Below are the entries. Transcribe exactly the lines from the one with "Your response must be concise. Sectors." through the one with "Your response must be concise. 122.2.", ends included, and leave out all others.

Dataset items
════

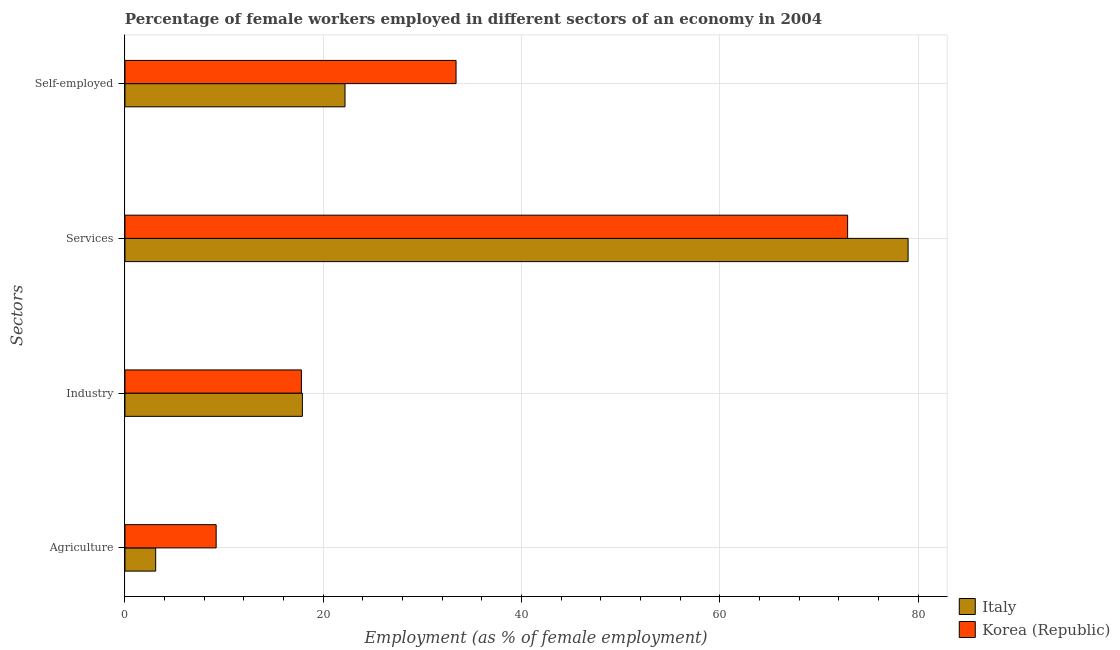Are the number of bars per tick equal to the number of legend labels?
Offer a terse response. Yes. What is the label of the 3rd group of bars from the top?
Your response must be concise. Industry. What is the percentage of female workers in agriculture in Italy?
Provide a succinct answer. 3.1. Across all countries, what is the maximum percentage of female workers in services?
Your answer should be very brief. 79. Across all countries, what is the minimum percentage of female workers in services?
Your response must be concise. 72.9. In which country was the percentage of female workers in industry maximum?
Make the answer very short. Italy. In which country was the percentage of female workers in agriculture minimum?
Ensure brevity in your answer.  Italy. What is the total percentage of female workers in industry in the graph?
Provide a short and direct response. 35.7. What is the difference between the percentage of self employed female workers in Italy and that in Korea (Republic)?
Provide a short and direct response. -11.2. What is the difference between the percentage of female workers in agriculture in Korea (Republic) and the percentage of female workers in industry in Italy?
Make the answer very short. -8.7. What is the average percentage of self employed female workers per country?
Provide a short and direct response. 27.8. What is the difference between the percentage of female workers in industry and percentage of self employed female workers in Korea (Republic)?
Your answer should be compact. -15.6. What is the ratio of the percentage of female workers in industry in Korea (Republic) to that in Italy?
Your answer should be compact. 0.99. Is the difference between the percentage of female workers in agriculture in Korea (Republic) and Italy greater than the difference between the percentage of female workers in services in Korea (Republic) and Italy?
Offer a very short reply. Yes. What is the difference between the highest and the second highest percentage of female workers in agriculture?
Give a very brief answer. 6.1. What is the difference between the highest and the lowest percentage of female workers in agriculture?
Your answer should be compact. 6.1. In how many countries, is the percentage of female workers in services greater than the average percentage of female workers in services taken over all countries?
Make the answer very short. 1. Is it the case that in every country, the sum of the percentage of female workers in industry and percentage of female workers in services is greater than the sum of percentage of self employed female workers and percentage of female workers in agriculture?
Offer a very short reply. No. What does the 1st bar from the top in Self-employed represents?
Your answer should be very brief. Korea (Republic). How many bars are there?
Your answer should be compact. 8. Are all the bars in the graph horizontal?
Give a very brief answer. Yes. How many countries are there in the graph?
Your response must be concise. 2. Are the values on the major ticks of X-axis written in scientific E-notation?
Ensure brevity in your answer.  No. Does the graph contain grids?
Provide a succinct answer. Yes. Where does the legend appear in the graph?
Give a very brief answer. Bottom right. How many legend labels are there?
Your response must be concise. 2. What is the title of the graph?
Make the answer very short. Percentage of female workers employed in different sectors of an economy in 2004. Does "South Asia" appear as one of the legend labels in the graph?
Give a very brief answer. No. What is the label or title of the X-axis?
Provide a short and direct response. Employment (as % of female employment). What is the label or title of the Y-axis?
Your response must be concise. Sectors. What is the Employment (as % of female employment) in Italy in Agriculture?
Provide a short and direct response. 3.1. What is the Employment (as % of female employment) of Korea (Republic) in Agriculture?
Offer a very short reply. 9.2. What is the Employment (as % of female employment) of Italy in Industry?
Offer a terse response. 17.9. What is the Employment (as % of female employment) of Korea (Republic) in Industry?
Make the answer very short. 17.8. What is the Employment (as % of female employment) of Italy in Services?
Provide a short and direct response. 79. What is the Employment (as % of female employment) of Korea (Republic) in Services?
Keep it short and to the point. 72.9. What is the Employment (as % of female employment) of Italy in Self-employed?
Ensure brevity in your answer.  22.2. What is the Employment (as % of female employment) in Korea (Republic) in Self-employed?
Make the answer very short. 33.4. Across all Sectors, what is the maximum Employment (as % of female employment) in Italy?
Offer a terse response. 79. Across all Sectors, what is the maximum Employment (as % of female employment) of Korea (Republic)?
Offer a terse response. 72.9. Across all Sectors, what is the minimum Employment (as % of female employment) in Italy?
Your answer should be compact. 3.1. Across all Sectors, what is the minimum Employment (as % of female employment) in Korea (Republic)?
Give a very brief answer. 9.2. What is the total Employment (as % of female employment) in Italy in the graph?
Your response must be concise. 122.2. What is the total Employment (as % of female employment) in Korea (Republic) in the graph?
Provide a short and direct response. 133.3. What is the difference between the Employment (as % of female employment) of Italy in Agriculture and that in Industry?
Give a very brief answer. -14.8. What is the difference between the Employment (as % of female employment) of Korea (Republic) in Agriculture and that in Industry?
Make the answer very short. -8.6. What is the difference between the Employment (as % of female employment) in Italy in Agriculture and that in Services?
Your answer should be very brief. -75.9. What is the difference between the Employment (as % of female employment) of Korea (Republic) in Agriculture and that in Services?
Give a very brief answer. -63.7. What is the difference between the Employment (as % of female employment) in Italy in Agriculture and that in Self-employed?
Your response must be concise. -19.1. What is the difference between the Employment (as % of female employment) of Korea (Republic) in Agriculture and that in Self-employed?
Your answer should be compact. -24.2. What is the difference between the Employment (as % of female employment) of Italy in Industry and that in Services?
Keep it short and to the point. -61.1. What is the difference between the Employment (as % of female employment) of Korea (Republic) in Industry and that in Services?
Provide a succinct answer. -55.1. What is the difference between the Employment (as % of female employment) in Italy in Industry and that in Self-employed?
Your answer should be very brief. -4.3. What is the difference between the Employment (as % of female employment) of Korea (Republic) in Industry and that in Self-employed?
Ensure brevity in your answer.  -15.6. What is the difference between the Employment (as % of female employment) of Italy in Services and that in Self-employed?
Offer a terse response. 56.8. What is the difference between the Employment (as % of female employment) in Korea (Republic) in Services and that in Self-employed?
Ensure brevity in your answer.  39.5. What is the difference between the Employment (as % of female employment) of Italy in Agriculture and the Employment (as % of female employment) of Korea (Republic) in Industry?
Offer a terse response. -14.7. What is the difference between the Employment (as % of female employment) in Italy in Agriculture and the Employment (as % of female employment) in Korea (Republic) in Services?
Your answer should be compact. -69.8. What is the difference between the Employment (as % of female employment) in Italy in Agriculture and the Employment (as % of female employment) in Korea (Republic) in Self-employed?
Provide a succinct answer. -30.3. What is the difference between the Employment (as % of female employment) in Italy in Industry and the Employment (as % of female employment) in Korea (Republic) in Services?
Make the answer very short. -55. What is the difference between the Employment (as % of female employment) of Italy in Industry and the Employment (as % of female employment) of Korea (Republic) in Self-employed?
Ensure brevity in your answer.  -15.5. What is the difference between the Employment (as % of female employment) of Italy in Services and the Employment (as % of female employment) of Korea (Republic) in Self-employed?
Your response must be concise. 45.6. What is the average Employment (as % of female employment) in Italy per Sectors?
Your response must be concise. 30.55. What is the average Employment (as % of female employment) in Korea (Republic) per Sectors?
Provide a succinct answer. 33.33. What is the difference between the Employment (as % of female employment) in Italy and Employment (as % of female employment) in Korea (Republic) in Industry?
Offer a terse response. 0.1. What is the difference between the Employment (as % of female employment) of Italy and Employment (as % of female employment) of Korea (Republic) in Self-employed?
Offer a very short reply. -11.2. What is the ratio of the Employment (as % of female employment) in Italy in Agriculture to that in Industry?
Make the answer very short. 0.17. What is the ratio of the Employment (as % of female employment) of Korea (Republic) in Agriculture to that in Industry?
Provide a short and direct response. 0.52. What is the ratio of the Employment (as % of female employment) in Italy in Agriculture to that in Services?
Give a very brief answer. 0.04. What is the ratio of the Employment (as % of female employment) in Korea (Republic) in Agriculture to that in Services?
Offer a very short reply. 0.13. What is the ratio of the Employment (as % of female employment) in Italy in Agriculture to that in Self-employed?
Provide a succinct answer. 0.14. What is the ratio of the Employment (as % of female employment) in Korea (Republic) in Agriculture to that in Self-employed?
Your response must be concise. 0.28. What is the ratio of the Employment (as % of female employment) of Italy in Industry to that in Services?
Offer a very short reply. 0.23. What is the ratio of the Employment (as % of female employment) in Korea (Republic) in Industry to that in Services?
Offer a very short reply. 0.24. What is the ratio of the Employment (as % of female employment) in Italy in Industry to that in Self-employed?
Give a very brief answer. 0.81. What is the ratio of the Employment (as % of female employment) of Korea (Republic) in Industry to that in Self-employed?
Offer a very short reply. 0.53. What is the ratio of the Employment (as % of female employment) in Italy in Services to that in Self-employed?
Your answer should be very brief. 3.56. What is the ratio of the Employment (as % of female employment) in Korea (Republic) in Services to that in Self-employed?
Make the answer very short. 2.18. What is the difference between the highest and the second highest Employment (as % of female employment) of Italy?
Give a very brief answer. 56.8. What is the difference between the highest and the second highest Employment (as % of female employment) of Korea (Republic)?
Offer a terse response. 39.5. What is the difference between the highest and the lowest Employment (as % of female employment) of Italy?
Give a very brief answer. 75.9. What is the difference between the highest and the lowest Employment (as % of female employment) of Korea (Republic)?
Your answer should be very brief. 63.7.

════

** Response box **
Your response must be concise. Sectors. What is the Employment (as % of female employment) in Italy in Agriculture?
Provide a short and direct response. 3.1. What is the Employment (as % of female employment) of Korea (Republic) in Agriculture?
Offer a very short reply. 9.2. What is the Employment (as % of female employment) of Italy in Industry?
Offer a terse response. 17.9. What is the Employment (as % of female employment) of Korea (Republic) in Industry?
Make the answer very short. 17.8. What is the Employment (as % of female employment) of Italy in Services?
Provide a short and direct response. 79. What is the Employment (as % of female employment) of Korea (Republic) in Services?
Keep it short and to the point. 72.9. What is the Employment (as % of female employment) of Italy in Self-employed?
Ensure brevity in your answer.  22.2. What is the Employment (as % of female employment) in Korea (Republic) in Self-employed?
Make the answer very short. 33.4. Across all Sectors, what is the maximum Employment (as % of female employment) in Italy?
Offer a terse response. 79. Across all Sectors, what is the maximum Employment (as % of female employment) of Korea (Republic)?
Offer a terse response. 72.9. Across all Sectors, what is the minimum Employment (as % of female employment) in Italy?
Your answer should be compact. 3.1. Across all Sectors, what is the minimum Employment (as % of female employment) in Korea (Republic)?
Give a very brief answer. 9.2. What is the total Employment (as % of female employment) in Italy in the graph?
Your response must be concise. 122.2. What is the total Employment (as % of female employment) in Korea (Republic) in the graph?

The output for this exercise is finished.